Friday, May 7, 2010

The Stand - (Book Review)



When I first picked up a copy of Stephen King’s, The Stand - The Complete and Uncut Edition, in my local Borders Book Store, I wasn’t exactly sure what I was in for. The book is more than an inch and a half thick and over 1100 pages long. I am still in the middle of Stephen King’s Dark Tower series and those books themselves are pretty long, especially Wizard and Glass. But those seem to pale in comparison to the scope that this one novel tries to cover.

The story was great despite its minor shortcomings. A super virus destroys most of mankind and what’s left are various survivors trying to pull themselves together in a world of emptiness and destruction. The apocalyptic terrain that King created in this book is absolutely amazing. The loneliness the characters felt was loneliness that I felt right along with them. Death is around every corner, the corpses of people hit by the virus hiding in dark houses, along littered highways wrought with steel coffins. They are everywhere, a continuous reminder that life is so incredibly fragile.

The book is separated into three parts. The first part seems to be completely designed to introduce most if not all of the characters and their dreams - either of ‘the Dark Man,’ Randall Flagg, who is calling those with an impure heart to Las Vegas - or of Mother Abigail, a 108 year old black woman, who is calling those of a good heart to an old shack in Nebraska. The second part of the book describes the set up of Vegas and of Boulder, Colorado - the location that Mother Abigail moves her people to. Most of this section is about Mother Abigail’s group and how they enforce law and set up a committee and various other establishments that fell during the apocalyptic outbreak.

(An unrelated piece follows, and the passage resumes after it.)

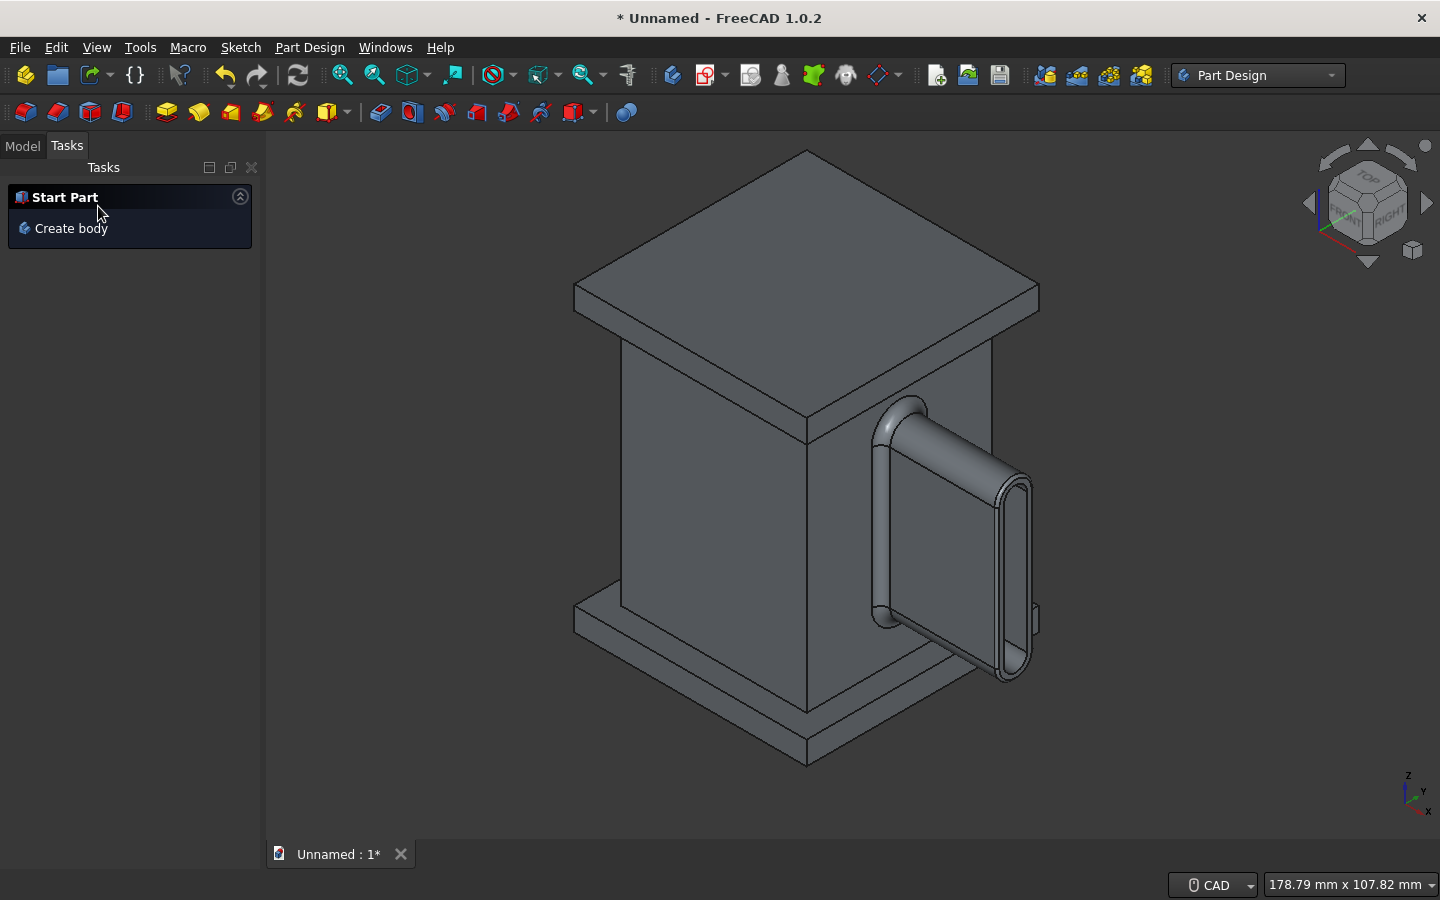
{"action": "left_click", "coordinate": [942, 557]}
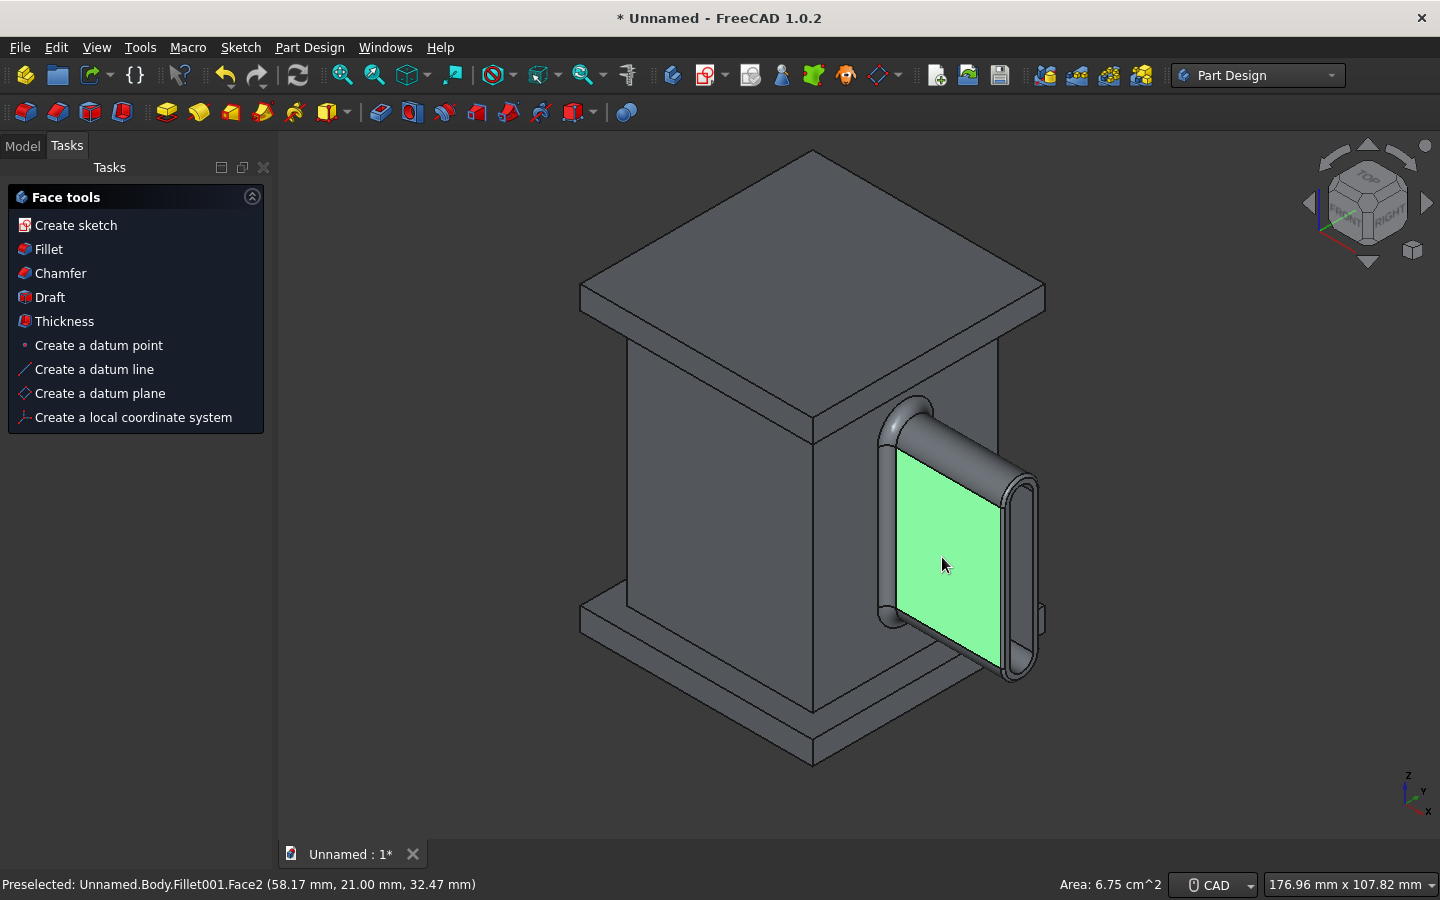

The third part is the final stand off between good and evil, between the main characters from Mother Abigail’s group and Randall Flagg’s group.

There are so many characters in the story that I’m not going to bother listing them. My favorite was Nick Andros, the deaf mute. The characters were real, they were creative, and they were brilliantly brought forth on the pages of the book. Even when a character was only in the book for a page or two, they felt so incredibly dynamic. The reactions that each character has to the world that is falling apart around them was right on and I could tell that King put some time and energy into making sure of that.

What I love about Stephen King’s writing as I read more of his books is the way he ties in characters from one series into another. Randall Flagg is also the main protagonist in the Dark Tower series and I think he is one of the best villains I have read. He is the embodiment of pure evil, the very core of what is wrong with the world. That being said, I was a bit disappointed with the ending of the book. It felt very anticlimactic. When I expected a final showdown between the characters and one of the darkest beings the world has ever seen, I was bummed at how Randall Flagg was actually taken out of the picture. On top of that, some of the epilogue-style ending chapters seemed to serve no real purpose. I do agree that King should have had the basis of those chapters in the novel in some capacity, seeing how the reader ends up investing so much time into the book, but I think he could have done without some of the long, drawn out scenes he used.

This leads me to the biggest complaint I have about the novel: King has too much exposition in some parts of the book. I understand that uncut means uncut, but I’ve noticed the same thing about King in some of the Dark Tower books as well. There’s just too much description about things that don’t really progress the novel or carry the storyline further ahead.

Another complaint I have about the book is the uneven scenes. I would read very long chapters about one particular character only to get to the next chapter about another character and find the story has backtracked to run parallel with the chapter before it. This made me have to stop and figure out where I was exactly - chronologically speaking - in the book. I think the chapters could have been leveled out a little more evenly and the pace tuned up a bit.

All in all, The Stand is phenomenal and a definite must-read before dying. Put it on your bucket list. Just don’t purchase the uncut edition in paperback if you get headaches easily. The version I purchased from my local Borders had an extremely small font which only allowed me to read it in intervals. I probably would have been better off buying the eBook version and reading it on my computer.

I give the book four and a half stars out of five.